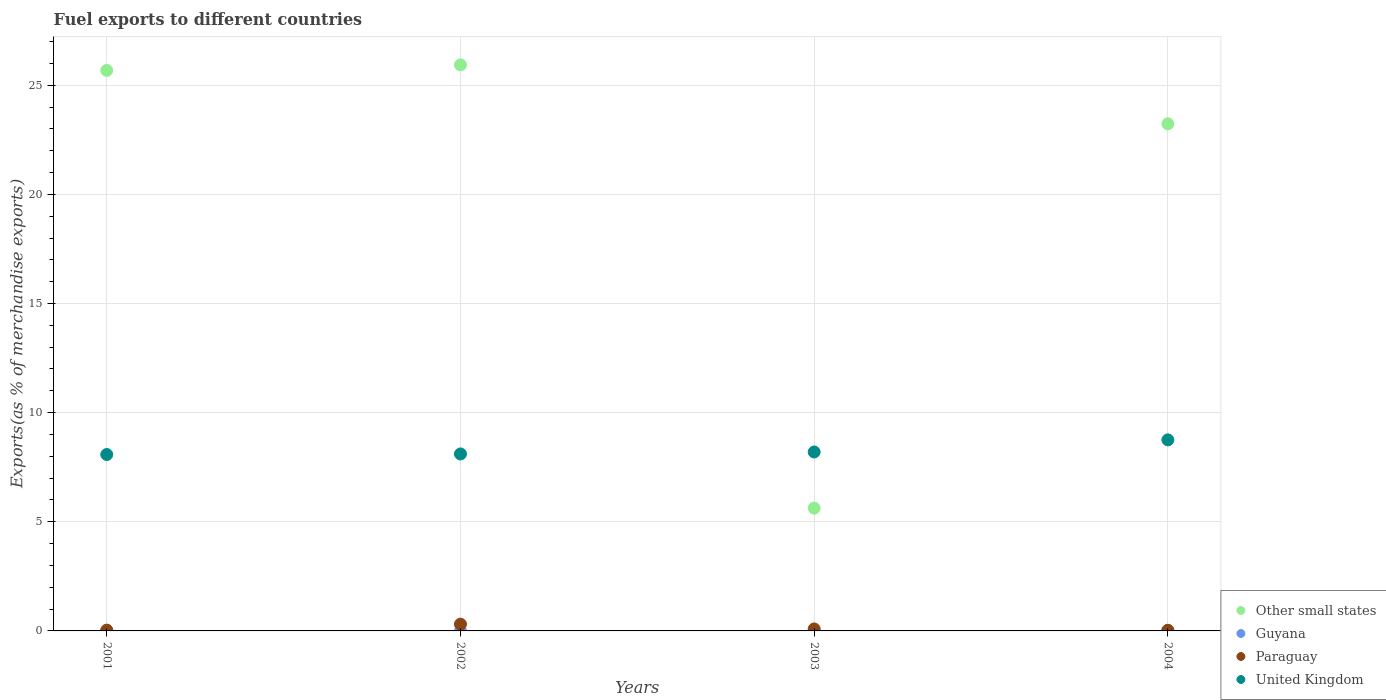What is the percentage of exports to different countries in Guyana in 2004?
Offer a terse response. 0.02. Across all years, what is the maximum percentage of exports to different countries in Guyana?
Your response must be concise. 0.02. Across all years, what is the minimum percentage of exports to different countries in Paraguay?
Your answer should be compact. 0.03. In which year was the percentage of exports to different countries in Guyana maximum?
Give a very brief answer. 2004. What is the total percentage of exports to different countries in United Kingdom in the graph?
Make the answer very short. 33.14. What is the difference between the percentage of exports to different countries in Paraguay in 2002 and that in 2004?
Ensure brevity in your answer.  0.28. What is the difference between the percentage of exports to different countries in Paraguay in 2002 and the percentage of exports to different countries in Other small states in 2001?
Offer a terse response. -25.37. What is the average percentage of exports to different countries in Paraguay per year?
Provide a succinct answer. 0.12. In the year 2003, what is the difference between the percentage of exports to different countries in Other small states and percentage of exports to different countries in Paraguay?
Make the answer very short. 5.53. What is the ratio of the percentage of exports to different countries in United Kingdom in 2002 to that in 2003?
Make the answer very short. 0.99. Is the difference between the percentage of exports to different countries in Other small states in 2001 and 2004 greater than the difference between the percentage of exports to different countries in Paraguay in 2001 and 2004?
Provide a succinct answer. Yes. What is the difference between the highest and the second highest percentage of exports to different countries in Paraguay?
Give a very brief answer. 0.22. What is the difference between the highest and the lowest percentage of exports to different countries in Guyana?
Your answer should be compact. 0.02. Is it the case that in every year, the sum of the percentage of exports to different countries in Guyana and percentage of exports to different countries in Paraguay  is greater than the sum of percentage of exports to different countries in Other small states and percentage of exports to different countries in United Kingdom?
Your answer should be very brief. No. Is it the case that in every year, the sum of the percentage of exports to different countries in Other small states and percentage of exports to different countries in Paraguay  is greater than the percentage of exports to different countries in United Kingdom?
Your answer should be compact. No. Does the percentage of exports to different countries in Paraguay monotonically increase over the years?
Offer a very short reply. No. Is the percentage of exports to different countries in Other small states strictly less than the percentage of exports to different countries in Guyana over the years?
Your answer should be very brief. No. How many years are there in the graph?
Offer a terse response. 4. What is the difference between two consecutive major ticks on the Y-axis?
Your answer should be compact. 5. Does the graph contain grids?
Provide a succinct answer. Yes. What is the title of the graph?
Give a very brief answer. Fuel exports to different countries. Does "Morocco" appear as one of the legend labels in the graph?
Make the answer very short. No. What is the label or title of the Y-axis?
Make the answer very short. Exports(as % of merchandise exports). What is the Exports(as % of merchandise exports) of Other small states in 2001?
Give a very brief answer. 25.68. What is the Exports(as % of merchandise exports) in Guyana in 2001?
Offer a very short reply. 0.01. What is the Exports(as % of merchandise exports) of Paraguay in 2001?
Give a very brief answer. 0.04. What is the Exports(as % of merchandise exports) of United Kingdom in 2001?
Offer a very short reply. 8.08. What is the Exports(as % of merchandise exports) in Other small states in 2002?
Provide a short and direct response. 25.93. What is the Exports(as % of merchandise exports) of Guyana in 2002?
Offer a terse response. 1.42119734312842e-5. What is the Exports(as % of merchandise exports) of Paraguay in 2002?
Make the answer very short. 0.31. What is the Exports(as % of merchandise exports) of United Kingdom in 2002?
Ensure brevity in your answer.  8.11. What is the Exports(as % of merchandise exports) in Other small states in 2003?
Your response must be concise. 5.63. What is the Exports(as % of merchandise exports) in Guyana in 2003?
Keep it short and to the point. 0. What is the Exports(as % of merchandise exports) in Paraguay in 2003?
Make the answer very short. 0.09. What is the Exports(as % of merchandise exports) in United Kingdom in 2003?
Offer a terse response. 8.2. What is the Exports(as % of merchandise exports) of Other small states in 2004?
Offer a very short reply. 23.23. What is the Exports(as % of merchandise exports) in Guyana in 2004?
Ensure brevity in your answer.  0.02. What is the Exports(as % of merchandise exports) of Paraguay in 2004?
Give a very brief answer. 0.03. What is the Exports(as % of merchandise exports) of United Kingdom in 2004?
Provide a succinct answer. 8.75. Across all years, what is the maximum Exports(as % of merchandise exports) of Other small states?
Give a very brief answer. 25.93. Across all years, what is the maximum Exports(as % of merchandise exports) of Guyana?
Give a very brief answer. 0.02. Across all years, what is the maximum Exports(as % of merchandise exports) in Paraguay?
Your answer should be very brief. 0.31. Across all years, what is the maximum Exports(as % of merchandise exports) of United Kingdom?
Make the answer very short. 8.75. Across all years, what is the minimum Exports(as % of merchandise exports) of Other small states?
Offer a terse response. 5.63. Across all years, what is the minimum Exports(as % of merchandise exports) of Guyana?
Provide a short and direct response. 1.42119734312842e-5. Across all years, what is the minimum Exports(as % of merchandise exports) of Paraguay?
Provide a short and direct response. 0.03. Across all years, what is the minimum Exports(as % of merchandise exports) of United Kingdom?
Your answer should be very brief. 8.08. What is the total Exports(as % of merchandise exports) in Other small states in the graph?
Provide a succinct answer. 80.47. What is the total Exports(as % of merchandise exports) in Guyana in the graph?
Ensure brevity in your answer.  0.03. What is the total Exports(as % of merchandise exports) in Paraguay in the graph?
Provide a succinct answer. 0.47. What is the total Exports(as % of merchandise exports) of United Kingdom in the graph?
Make the answer very short. 33.14. What is the difference between the Exports(as % of merchandise exports) of Other small states in 2001 and that in 2002?
Your response must be concise. -0.25. What is the difference between the Exports(as % of merchandise exports) of Guyana in 2001 and that in 2002?
Provide a short and direct response. 0.01. What is the difference between the Exports(as % of merchandise exports) in Paraguay in 2001 and that in 2002?
Offer a very short reply. -0.27. What is the difference between the Exports(as % of merchandise exports) in United Kingdom in 2001 and that in 2002?
Keep it short and to the point. -0.03. What is the difference between the Exports(as % of merchandise exports) of Other small states in 2001 and that in 2003?
Provide a short and direct response. 20.05. What is the difference between the Exports(as % of merchandise exports) of Guyana in 2001 and that in 2003?
Offer a very short reply. 0.01. What is the difference between the Exports(as % of merchandise exports) in Paraguay in 2001 and that in 2003?
Keep it short and to the point. -0.05. What is the difference between the Exports(as % of merchandise exports) in United Kingdom in 2001 and that in 2003?
Your answer should be very brief. -0.12. What is the difference between the Exports(as % of merchandise exports) of Other small states in 2001 and that in 2004?
Your response must be concise. 2.45. What is the difference between the Exports(as % of merchandise exports) of Guyana in 2001 and that in 2004?
Offer a terse response. -0.01. What is the difference between the Exports(as % of merchandise exports) of Paraguay in 2001 and that in 2004?
Provide a succinct answer. 0.01. What is the difference between the Exports(as % of merchandise exports) of United Kingdom in 2001 and that in 2004?
Keep it short and to the point. -0.67. What is the difference between the Exports(as % of merchandise exports) in Other small states in 2002 and that in 2003?
Provide a succinct answer. 20.31. What is the difference between the Exports(as % of merchandise exports) in Guyana in 2002 and that in 2003?
Provide a succinct answer. -0. What is the difference between the Exports(as % of merchandise exports) of Paraguay in 2002 and that in 2003?
Ensure brevity in your answer.  0.22. What is the difference between the Exports(as % of merchandise exports) in United Kingdom in 2002 and that in 2003?
Make the answer very short. -0.09. What is the difference between the Exports(as % of merchandise exports) in Other small states in 2002 and that in 2004?
Offer a very short reply. 2.7. What is the difference between the Exports(as % of merchandise exports) in Guyana in 2002 and that in 2004?
Your answer should be very brief. -0.02. What is the difference between the Exports(as % of merchandise exports) of Paraguay in 2002 and that in 2004?
Offer a very short reply. 0.28. What is the difference between the Exports(as % of merchandise exports) in United Kingdom in 2002 and that in 2004?
Your answer should be compact. -0.65. What is the difference between the Exports(as % of merchandise exports) in Other small states in 2003 and that in 2004?
Provide a short and direct response. -17.61. What is the difference between the Exports(as % of merchandise exports) in Guyana in 2003 and that in 2004?
Your answer should be compact. -0.02. What is the difference between the Exports(as % of merchandise exports) of Paraguay in 2003 and that in 2004?
Offer a terse response. 0.06. What is the difference between the Exports(as % of merchandise exports) of United Kingdom in 2003 and that in 2004?
Give a very brief answer. -0.56. What is the difference between the Exports(as % of merchandise exports) in Other small states in 2001 and the Exports(as % of merchandise exports) in Guyana in 2002?
Your answer should be very brief. 25.68. What is the difference between the Exports(as % of merchandise exports) of Other small states in 2001 and the Exports(as % of merchandise exports) of Paraguay in 2002?
Your answer should be compact. 25.37. What is the difference between the Exports(as % of merchandise exports) of Other small states in 2001 and the Exports(as % of merchandise exports) of United Kingdom in 2002?
Give a very brief answer. 17.57. What is the difference between the Exports(as % of merchandise exports) in Guyana in 2001 and the Exports(as % of merchandise exports) in Paraguay in 2002?
Your answer should be very brief. -0.3. What is the difference between the Exports(as % of merchandise exports) in Guyana in 2001 and the Exports(as % of merchandise exports) in United Kingdom in 2002?
Your answer should be compact. -8.1. What is the difference between the Exports(as % of merchandise exports) of Paraguay in 2001 and the Exports(as % of merchandise exports) of United Kingdom in 2002?
Your answer should be compact. -8.07. What is the difference between the Exports(as % of merchandise exports) in Other small states in 2001 and the Exports(as % of merchandise exports) in Guyana in 2003?
Provide a succinct answer. 25.68. What is the difference between the Exports(as % of merchandise exports) of Other small states in 2001 and the Exports(as % of merchandise exports) of Paraguay in 2003?
Your answer should be compact. 25.59. What is the difference between the Exports(as % of merchandise exports) in Other small states in 2001 and the Exports(as % of merchandise exports) in United Kingdom in 2003?
Offer a terse response. 17.48. What is the difference between the Exports(as % of merchandise exports) of Guyana in 2001 and the Exports(as % of merchandise exports) of Paraguay in 2003?
Your answer should be very brief. -0.08. What is the difference between the Exports(as % of merchandise exports) in Guyana in 2001 and the Exports(as % of merchandise exports) in United Kingdom in 2003?
Your answer should be very brief. -8.19. What is the difference between the Exports(as % of merchandise exports) in Paraguay in 2001 and the Exports(as % of merchandise exports) in United Kingdom in 2003?
Offer a terse response. -8.16. What is the difference between the Exports(as % of merchandise exports) of Other small states in 2001 and the Exports(as % of merchandise exports) of Guyana in 2004?
Offer a very short reply. 25.66. What is the difference between the Exports(as % of merchandise exports) in Other small states in 2001 and the Exports(as % of merchandise exports) in Paraguay in 2004?
Your answer should be very brief. 25.65. What is the difference between the Exports(as % of merchandise exports) of Other small states in 2001 and the Exports(as % of merchandise exports) of United Kingdom in 2004?
Give a very brief answer. 16.93. What is the difference between the Exports(as % of merchandise exports) in Guyana in 2001 and the Exports(as % of merchandise exports) in Paraguay in 2004?
Your answer should be compact. -0.02. What is the difference between the Exports(as % of merchandise exports) of Guyana in 2001 and the Exports(as % of merchandise exports) of United Kingdom in 2004?
Your response must be concise. -8.74. What is the difference between the Exports(as % of merchandise exports) of Paraguay in 2001 and the Exports(as % of merchandise exports) of United Kingdom in 2004?
Give a very brief answer. -8.72. What is the difference between the Exports(as % of merchandise exports) of Other small states in 2002 and the Exports(as % of merchandise exports) of Guyana in 2003?
Your answer should be very brief. 25.93. What is the difference between the Exports(as % of merchandise exports) in Other small states in 2002 and the Exports(as % of merchandise exports) in Paraguay in 2003?
Give a very brief answer. 25.84. What is the difference between the Exports(as % of merchandise exports) in Other small states in 2002 and the Exports(as % of merchandise exports) in United Kingdom in 2003?
Keep it short and to the point. 17.73. What is the difference between the Exports(as % of merchandise exports) in Guyana in 2002 and the Exports(as % of merchandise exports) in Paraguay in 2003?
Provide a succinct answer. -0.09. What is the difference between the Exports(as % of merchandise exports) of Guyana in 2002 and the Exports(as % of merchandise exports) of United Kingdom in 2003?
Keep it short and to the point. -8.2. What is the difference between the Exports(as % of merchandise exports) of Paraguay in 2002 and the Exports(as % of merchandise exports) of United Kingdom in 2003?
Your answer should be compact. -7.89. What is the difference between the Exports(as % of merchandise exports) in Other small states in 2002 and the Exports(as % of merchandise exports) in Guyana in 2004?
Offer a very short reply. 25.91. What is the difference between the Exports(as % of merchandise exports) in Other small states in 2002 and the Exports(as % of merchandise exports) in Paraguay in 2004?
Offer a very short reply. 25.9. What is the difference between the Exports(as % of merchandise exports) of Other small states in 2002 and the Exports(as % of merchandise exports) of United Kingdom in 2004?
Make the answer very short. 17.18. What is the difference between the Exports(as % of merchandise exports) in Guyana in 2002 and the Exports(as % of merchandise exports) in Paraguay in 2004?
Provide a short and direct response. -0.03. What is the difference between the Exports(as % of merchandise exports) in Guyana in 2002 and the Exports(as % of merchandise exports) in United Kingdom in 2004?
Make the answer very short. -8.75. What is the difference between the Exports(as % of merchandise exports) in Paraguay in 2002 and the Exports(as % of merchandise exports) in United Kingdom in 2004?
Your response must be concise. -8.44. What is the difference between the Exports(as % of merchandise exports) of Other small states in 2003 and the Exports(as % of merchandise exports) of Guyana in 2004?
Offer a very short reply. 5.6. What is the difference between the Exports(as % of merchandise exports) in Other small states in 2003 and the Exports(as % of merchandise exports) in Paraguay in 2004?
Provide a short and direct response. 5.6. What is the difference between the Exports(as % of merchandise exports) of Other small states in 2003 and the Exports(as % of merchandise exports) of United Kingdom in 2004?
Provide a succinct answer. -3.13. What is the difference between the Exports(as % of merchandise exports) in Guyana in 2003 and the Exports(as % of merchandise exports) in Paraguay in 2004?
Ensure brevity in your answer.  -0.03. What is the difference between the Exports(as % of merchandise exports) in Guyana in 2003 and the Exports(as % of merchandise exports) in United Kingdom in 2004?
Offer a very short reply. -8.75. What is the difference between the Exports(as % of merchandise exports) in Paraguay in 2003 and the Exports(as % of merchandise exports) in United Kingdom in 2004?
Your answer should be very brief. -8.66. What is the average Exports(as % of merchandise exports) of Other small states per year?
Ensure brevity in your answer.  20.12. What is the average Exports(as % of merchandise exports) in Guyana per year?
Offer a very short reply. 0.01. What is the average Exports(as % of merchandise exports) in Paraguay per year?
Make the answer very short. 0.12. What is the average Exports(as % of merchandise exports) of United Kingdom per year?
Offer a terse response. 8.29. In the year 2001, what is the difference between the Exports(as % of merchandise exports) in Other small states and Exports(as % of merchandise exports) in Guyana?
Your answer should be compact. 25.67. In the year 2001, what is the difference between the Exports(as % of merchandise exports) in Other small states and Exports(as % of merchandise exports) in Paraguay?
Give a very brief answer. 25.64. In the year 2001, what is the difference between the Exports(as % of merchandise exports) of Other small states and Exports(as % of merchandise exports) of United Kingdom?
Provide a short and direct response. 17.6. In the year 2001, what is the difference between the Exports(as % of merchandise exports) in Guyana and Exports(as % of merchandise exports) in Paraguay?
Your answer should be very brief. -0.03. In the year 2001, what is the difference between the Exports(as % of merchandise exports) of Guyana and Exports(as % of merchandise exports) of United Kingdom?
Make the answer very short. -8.07. In the year 2001, what is the difference between the Exports(as % of merchandise exports) in Paraguay and Exports(as % of merchandise exports) in United Kingdom?
Give a very brief answer. -8.04. In the year 2002, what is the difference between the Exports(as % of merchandise exports) in Other small states and Exports(as % of merchandise exports) in Guyana?
Keep it short and to the point. 25.93. In the year 2002, what is the difference between the Exports(as % of merchandise exports) of Other small states and Exports(as % of merchandise exports) of Paraguay?
Offer a terse response. 25.62. In the year 2002, what is the difference between the Exports(as % of merchandise exports) in Other small states and Exports(as % of merchandise exports) in United Kingdom?
Your answer should be very brief. 17.82. In the year 2002, what is the difference between the Exports(as % of merchandise exports) of Guyana and Exports(as % of merchandise exports) of Paraguay?
Keep it short and to the point. -0.31. In the year 2002, what is the difference between the Exports(as % of merchandise exports) of Guyana and Exports(as % of merchandise exports) of United Kingdom?
Your response must be concise. -8.11. In the year 2002, what is the difference between the Exports(as % of merchandise exports) of Paraguay and Exports(as % of merchandise exports) of United Kingdom?
Provide a short and direct response. -7.8. In the year 2003, what is the difference between the Exports(as % of merchandise exports) of Other small states and Exports(as % of merchandise exports) of Guyana?
Keep it short and to the point. 5.62. In the year 2003, what is the difference between the Exports(as % of merchandise exports) in Other small states and Exports(as % of merchandise exports) in Paraguay?
Your response must be concise. 5.53. In the year 2003, what is the difference between the Exports(as % of merchandise exports) in Other small states and Exports(as % of merchandise exports) in United Kingdom?
Provide a succinct answer. -2.57. In the year 2003, what is the difference between the Exports(as % of merchandise exports) of Guyana and Exports(as % of merchandise exports) of Paraguay?
Your answer should be very brief. -0.09. In the year 2003, what is the difference between the Exports(as % of merchandise exports) in Guyana and Exports(as % of merchandise exports) in United Kingdom?
Provide a succinct answer. -8.2. In the year 2003, what is the difference between the Exports(as % of merchandise exports) of Paraguay and Exports(as % of merchandise exports) of United Kingdom?
Provide a short and direct response. -8.11. In the year 2004, what is the difference between the Exports(as % of merchandise exports) of Other small states and Exports(as % of merchandise exports) of Guyana?
Offer a very short reply. 23.21. In the year 2004, what is the difference between the Exports(as % of merchandise exports) in Other small states and Exports(as % of merchandise exports) in Paraguay?
Keep it short and to the point. 23.2. In the year 2004, what is the difference between the Exports(as % of merchandise exports) in Other small states and Exports(as % of merchandise exports) in United Kingdom?
Your response must be concise. 14.48. In the year 2004, what is the difference between the Exports(as % of merchandise exports) of Guyana and Exports(as % of merchandise exports) of Paraguay?
Keep it short and to the point. -0.01. In the year 2004, what is the difference between the Exports(as % of merchandise exports) of Guyana and Exports(as % of merchandise exports) of United Kingdom?
Provide a succinct answer. -8.73. In the year 2004, what is the difference between the Exports(as % of merchandise exports) of Paraguay and Exports(as % of merchandise exports) of United Kingdom?
Make the answer very short. -8.72. What is the ratio of the Exports(as % of merchandise exports) in Other small states in 2001 to that in 2002?
Your answer should be very brief. 0.99. What is the ratio of the Exports(as % of merchandise exports) in Guyana in 2001 to that in 2002?
Keep it short and to the point. 569.49. What is the ratio of the Exports(as % of merchandise exports) of Paraguay in 2001 to that in 2002?
Provide a succinct answer. 0.12. What is the ratio of the Exports(as % of merchandise exports) of United Kingdom in 2001 to that in 2002?
Give a very brief answer. 1. What is the ratio of the Exports(as % of merchandise exports) of Other small states in 2001 to that in 2003?
Make the answer very short. 4.56. What is the ratio of the Exports(as % of merchandise exports) in Guyana in 2001 to that in 2003?
Your answer should be very brief. 5.46. What is the ratio of the Exports(as % of merchandise exports) of Paraguay in 2001 to that in 2003?
Your response must be concise. 0.4. What is the ratio of the Exports(as % of merchandise exports) of United Kingdom in 2001 to that in 2003?
Give a very brief answer. 0.99. What is the ratio of the Exports(as % of merchandise exports) of Other small states in 2001 to that in 2004?
Offer a very short reply. 1.11. What is the ratio of the Exports(as % of merchandise exports) in Guyana in 2001 to that in 2004?
Ensure brevity in your answer.  0.37. What is the ratio of the Exports(as % of merchandise exports) in Paraguay in 2001 to that in 2004?
Your answer should be compact. 1.27. What is the ratio of the Exports(as % of merchandise exports) of United Kingdom in 2001 to that in 2004?
Provide a succinct answer. 0.92. What is the ratio of the Exports(as % of merchandise exports) in Other small states in 2002 to that in 2003?
Offer a very short reply. 4.61. What is the ratio of the Exports(as % of merchandise exports) of Guyana in 2002 to that in 2003?
Make the answer very short. 0.01. What is the ratio of the Exports(as % of merchandise exports) in Paraguay in 2002 to that in 2003?
Make the answer very short. 3.4. What is the ratio of the Exports(as % of merchandise exports) in United Kingdom in 2002 to that in 2003?
Your answer should be very brief. 0.99. What is the ratio of the Exports(as % of merchandise exports) of Other small states in 2002 to that in 2004?
Your response must be concise. 1.12. What is the ratio of the Exports(as % of merchandise exports) of Guyana in 2002 to that in 2004?
Make the answer very short. 0. What is the ratio of the Exports(as % of merchandise exports) in Paraguay in 2002 to that in 2004?
Keep it short and to the point. 10.74. What is the ratio of the Exports(as % of merchandise exports) in United Kingdom in 2002 to that in 2004?
Give a very brief answer. 0.93. What is the ratio of the Exports(as % of merchandise exports) in Other small states in 2003 to that in 2004?
Provide a short and direct response. 0.24. What is the ratio of the Exports(as % of merchandise exports) in Guyana in 2003 to that in 2004?
Offer a very short reply. 0.07. What is the ratio of the Exports(as % of merchandise exports) in Paraguay in 2003 to that in 2004?
Keep it short and to the point. 3.15. What is the ratio of the Exports(as % of merchandise exports) of United Kingdom in 2003 to that in 2004?
Keep it short and to the point. 0.94. What is the difference between the highest and the second highest Exports(as % of merchandise exports) in Other small states?
Give a very brief answer. 0.25. What is the difference between the highest and the second highest Exports(as % of merchandise exports) of Guyana?
Ensure brevity in your answer.  0.01. What is the difference between the highest and the second highest Exports(as % of merchandise exports) in Paraguay?
Ensure brevity in your answer.  0.22. What is the difference between the highest and the second highest Exports(as % of merchandise exports) of United Kingdom?
Give a very brief answer. 0.56. What is the difference between the highest and the lowest Exports(as % of merchandise exports) in Other small states?
Offer a very short reply. 20.31. What is the difference between the highest and the lowest Exports(as % of merchandise exports) in Guyana?
Your answer should be very brief. 0.02. What is the difference between the highest and the lowest Exports(as % of merchandise exports) in Paraguay?
Give a very brief answer. 0.28. What is the difference between the highest and the lowest Exports(as % of merchandise exports) in United Kingdom?
Your answer should be compact. 0.67.

-- Problem statement --
Where does "axis" appear in the listing? Show every line that has it.

-- Response to this task --
Offer a terse response. 4. What is the difference between two consecutive major ticks on the Y-axis?
Make the answer very short. No. What is the label or title of the Y-axis?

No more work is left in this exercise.